(Supplied material)
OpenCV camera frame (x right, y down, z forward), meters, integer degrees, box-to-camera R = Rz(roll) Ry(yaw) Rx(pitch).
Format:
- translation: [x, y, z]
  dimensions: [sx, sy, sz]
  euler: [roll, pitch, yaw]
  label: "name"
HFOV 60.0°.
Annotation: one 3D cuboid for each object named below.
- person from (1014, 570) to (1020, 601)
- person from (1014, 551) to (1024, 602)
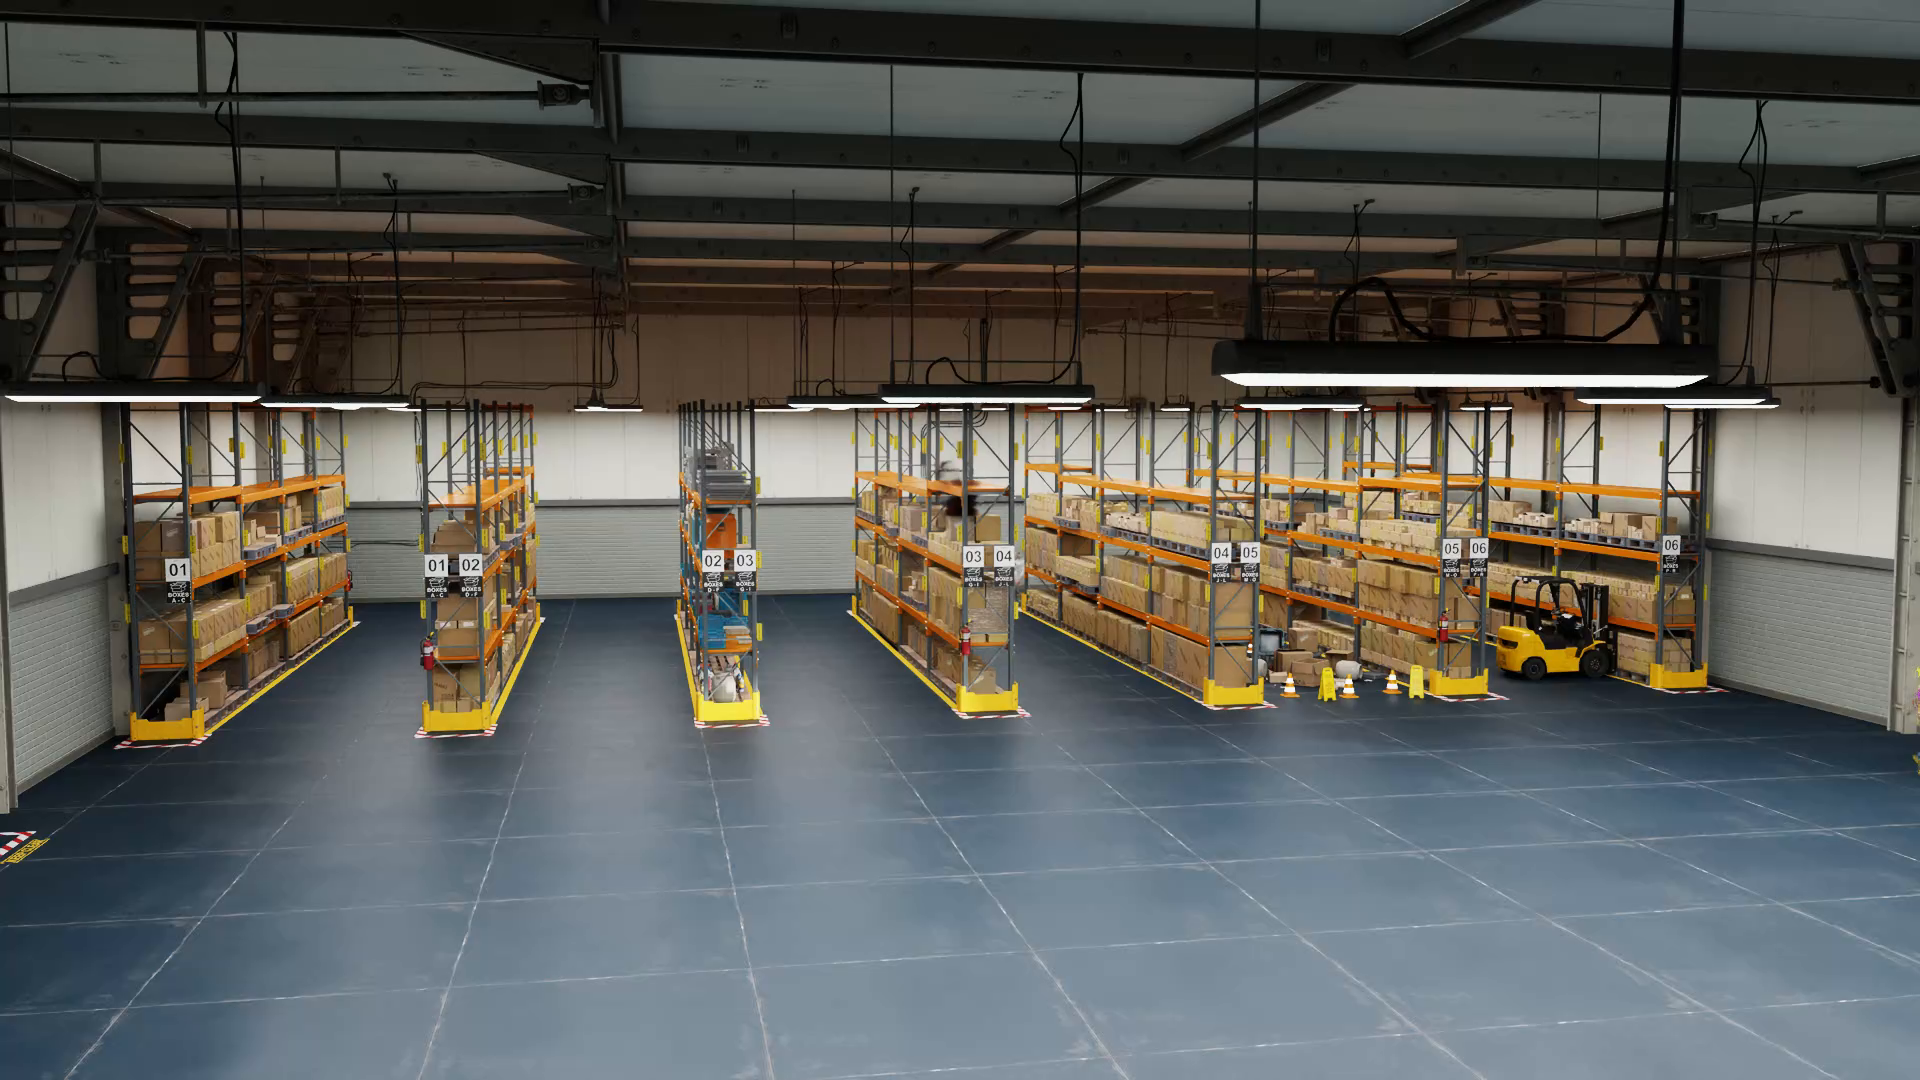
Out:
- translation: [1.313, 1.431, 45.196]
  dimensions: [0.628, 1.805, 0.898]
  euler: [0, 4, -4]
  label: "person"
- translation: [1.679, 1.147, 49.763]
  dimensions: [0.732, 1.659, 0.671]
  euler: [-3, 5, -32]
  label: "person"
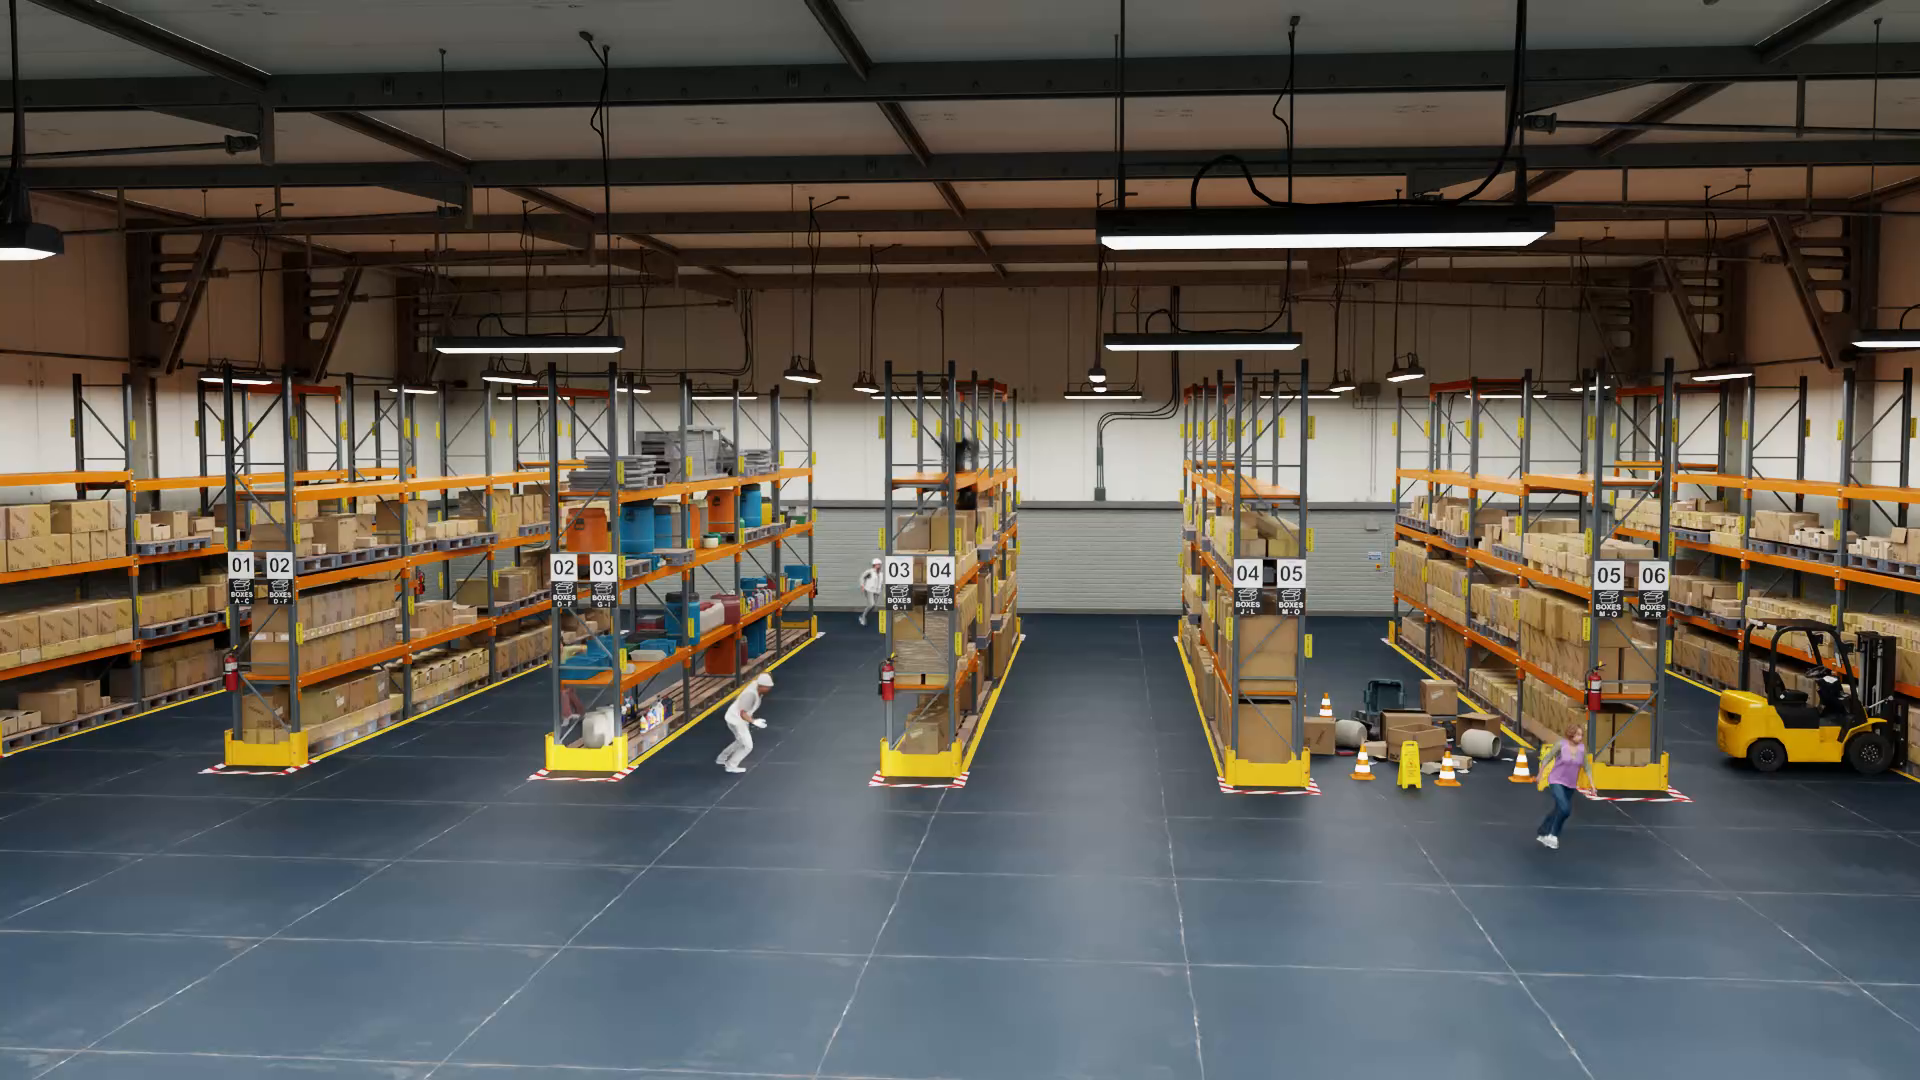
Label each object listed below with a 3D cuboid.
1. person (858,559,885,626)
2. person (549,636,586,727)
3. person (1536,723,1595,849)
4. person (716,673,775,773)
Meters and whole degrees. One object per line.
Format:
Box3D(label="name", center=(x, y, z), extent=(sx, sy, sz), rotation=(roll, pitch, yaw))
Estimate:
Box3D(label="person", center=(-2.266, 1.326, 42.582), extent=(0.809, 1.688, 0.753), rotation=(-4, 5, -43))
Box3D(label="person", center=(-6.630, 2.356, 28.283), extent=(0.614, 1.544, 0.927), rotation=(1, 4, 21))
Box3D(label="person", center=(7.222, 2.920, 19.801), extent=(0.458, 1.535, 0.766), rotation=(-1, 4, -17))
Box3D(label="person", center=(-3.123, 2.662, 24.221), extent=(0.922, 1.494, 0.724), rotation=(0, 4, 5))
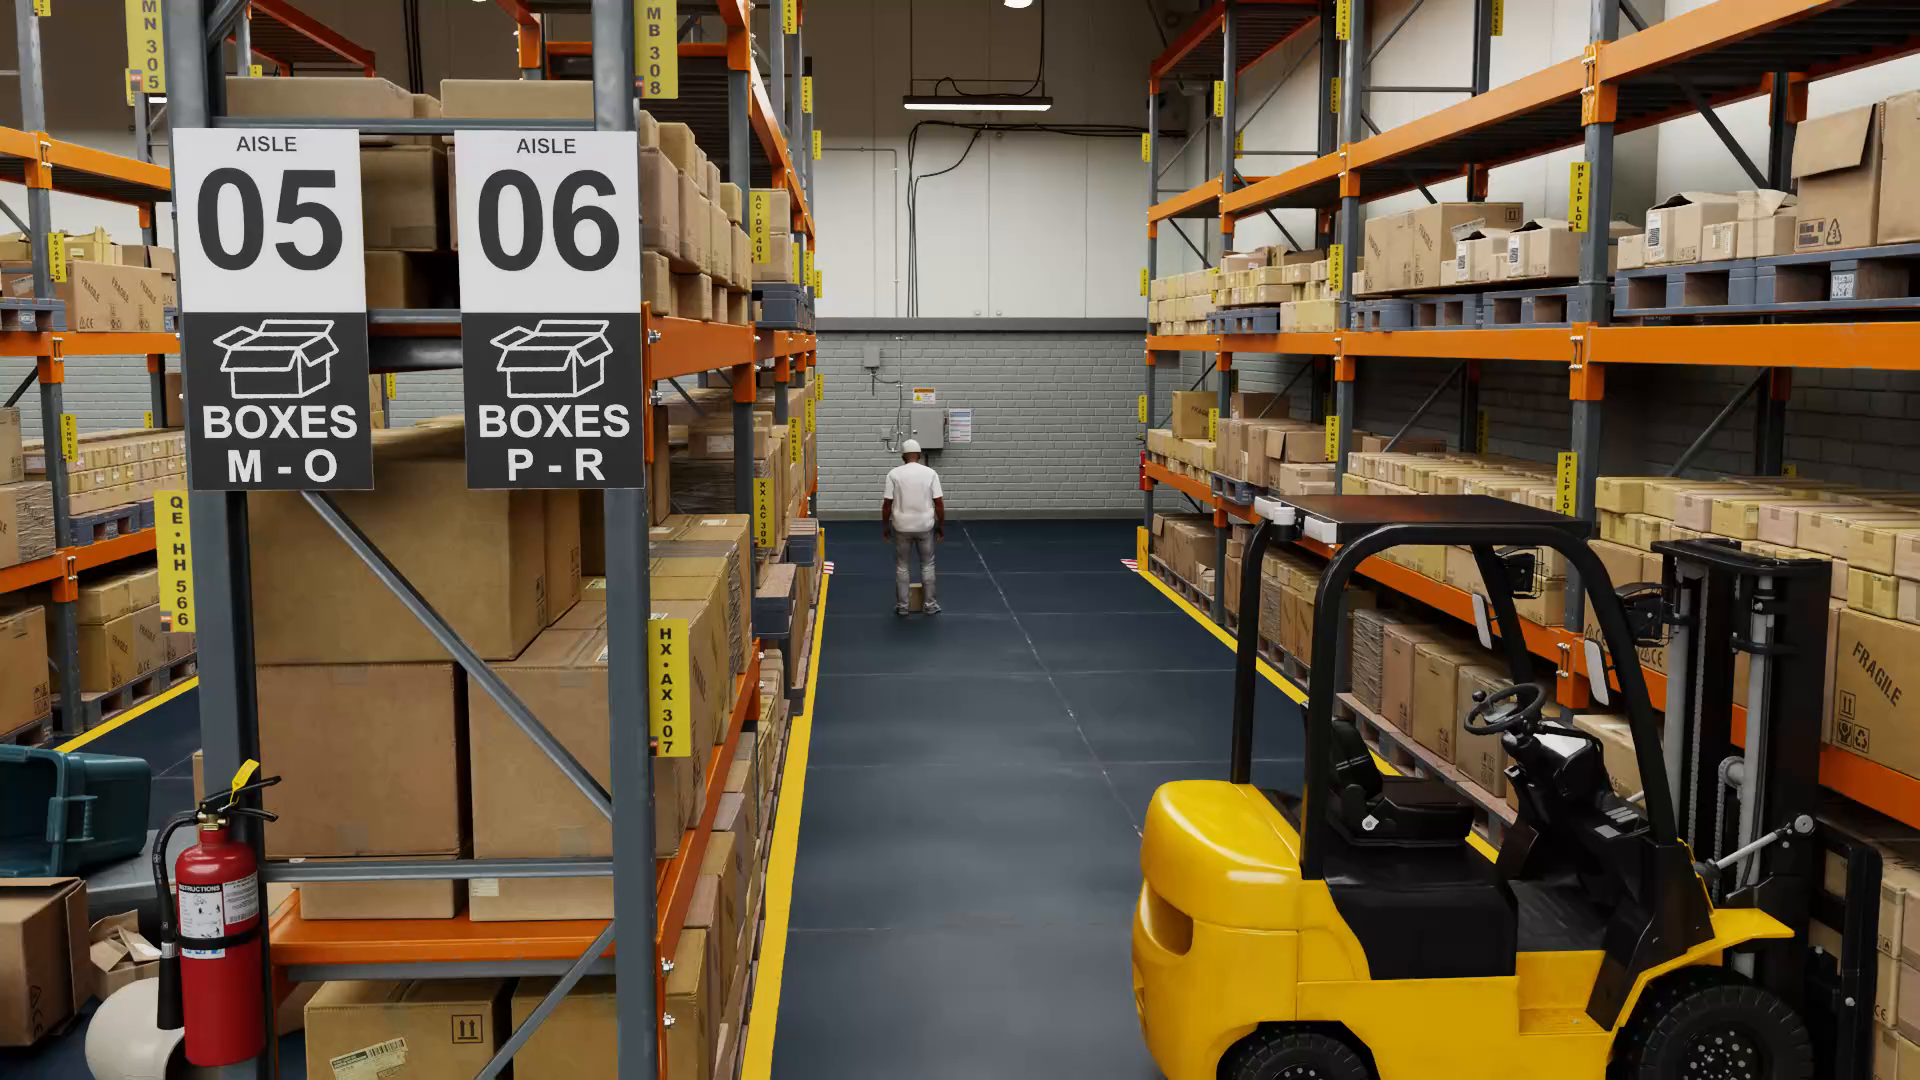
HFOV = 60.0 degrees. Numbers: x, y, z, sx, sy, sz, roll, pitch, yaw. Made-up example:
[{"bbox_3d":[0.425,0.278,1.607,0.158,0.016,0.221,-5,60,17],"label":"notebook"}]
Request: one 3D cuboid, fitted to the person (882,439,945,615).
[{"bbox_3d":[-0.469,-0.132,16.771,0.628,1.761,0.458,0,7,-3],"label":"person"}]
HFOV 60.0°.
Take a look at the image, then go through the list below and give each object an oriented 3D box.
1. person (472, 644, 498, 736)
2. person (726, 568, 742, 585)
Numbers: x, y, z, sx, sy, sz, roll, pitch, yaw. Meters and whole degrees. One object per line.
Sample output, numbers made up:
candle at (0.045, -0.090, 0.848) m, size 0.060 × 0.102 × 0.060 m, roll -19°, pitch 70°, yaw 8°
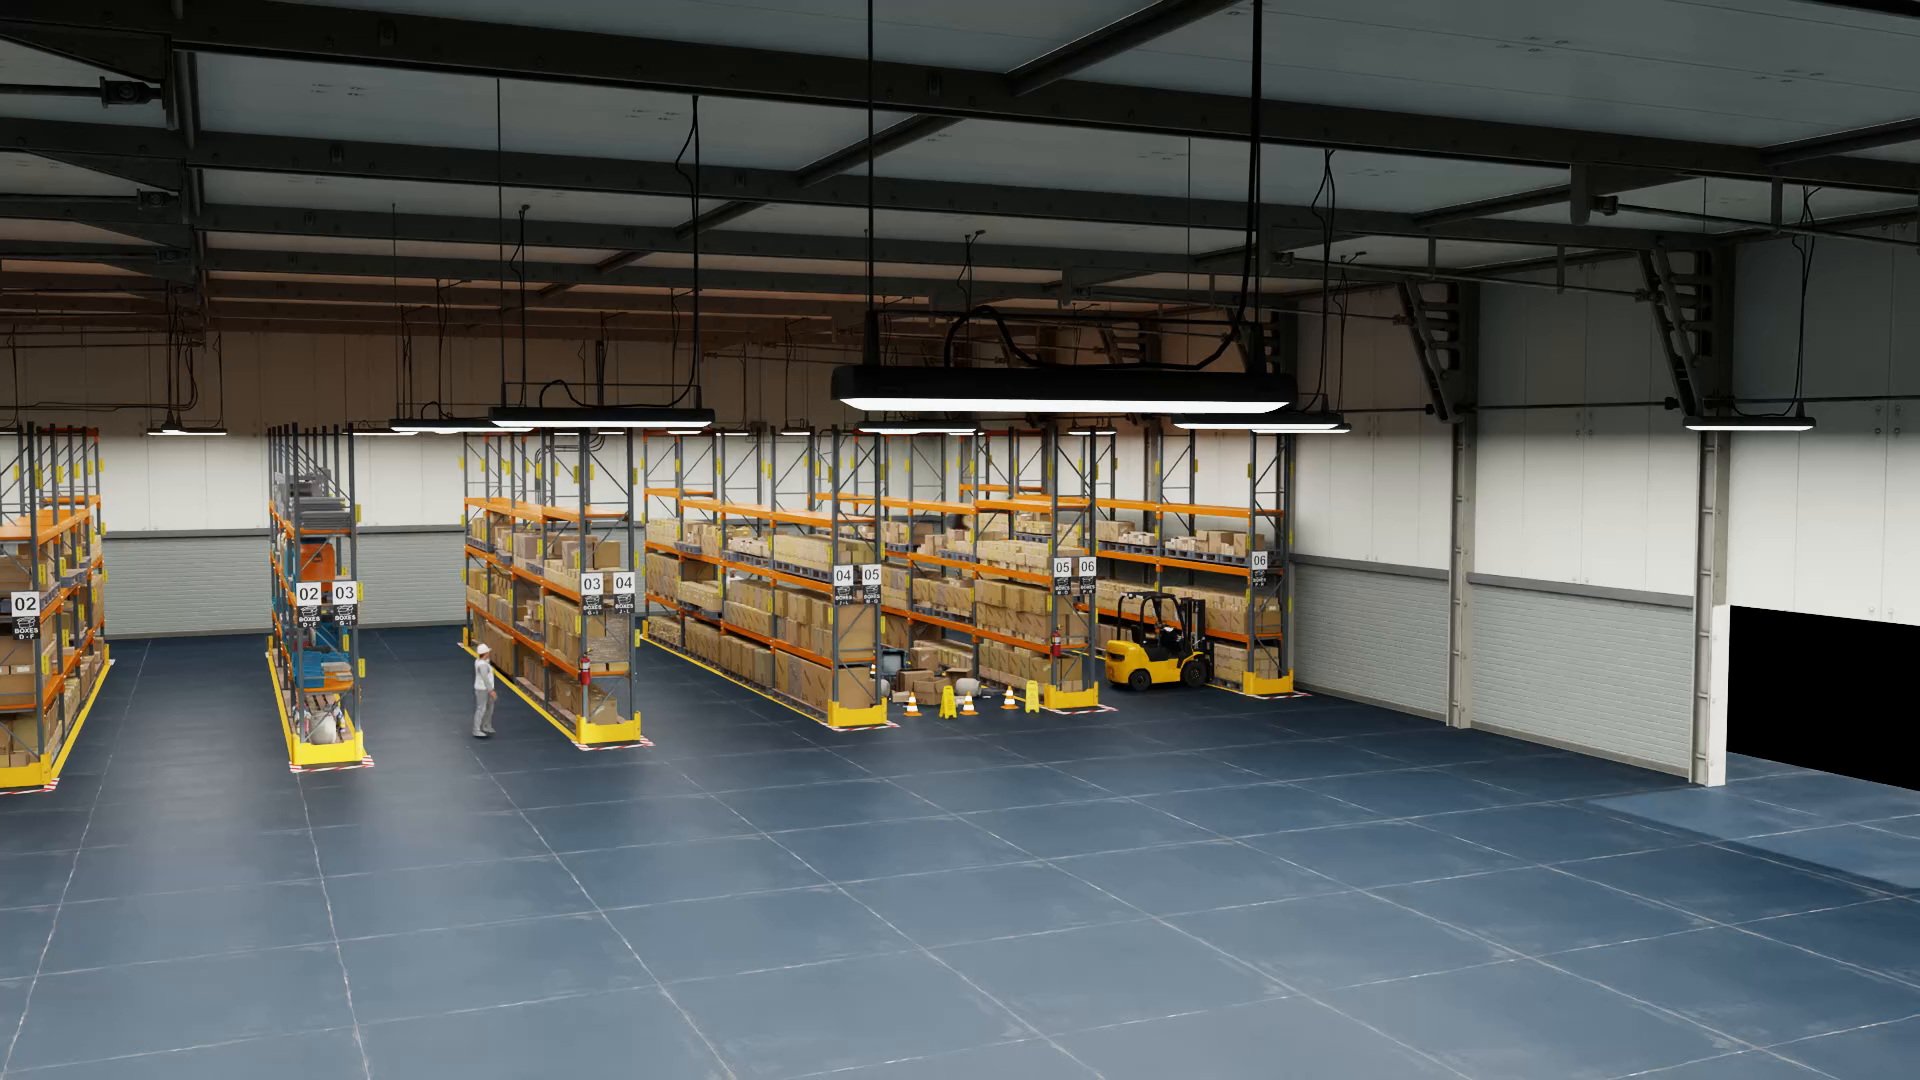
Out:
person at (-9.167, 2.903, 32.124) m, size 0.507 × 1.809 × 0.684 m, roll -1°, pitch 4°, yaw -10°
person at (-7.015, 1.708, 51.155) m, size 0.543 × 1.784 × 0.506 m, roll -3°, pitch 5°, yaw -41°
(End Supplied material)
• [Task to carry out]: How many of the lines above hold the word "whole"? Answer with only the number.

• [Response]: 2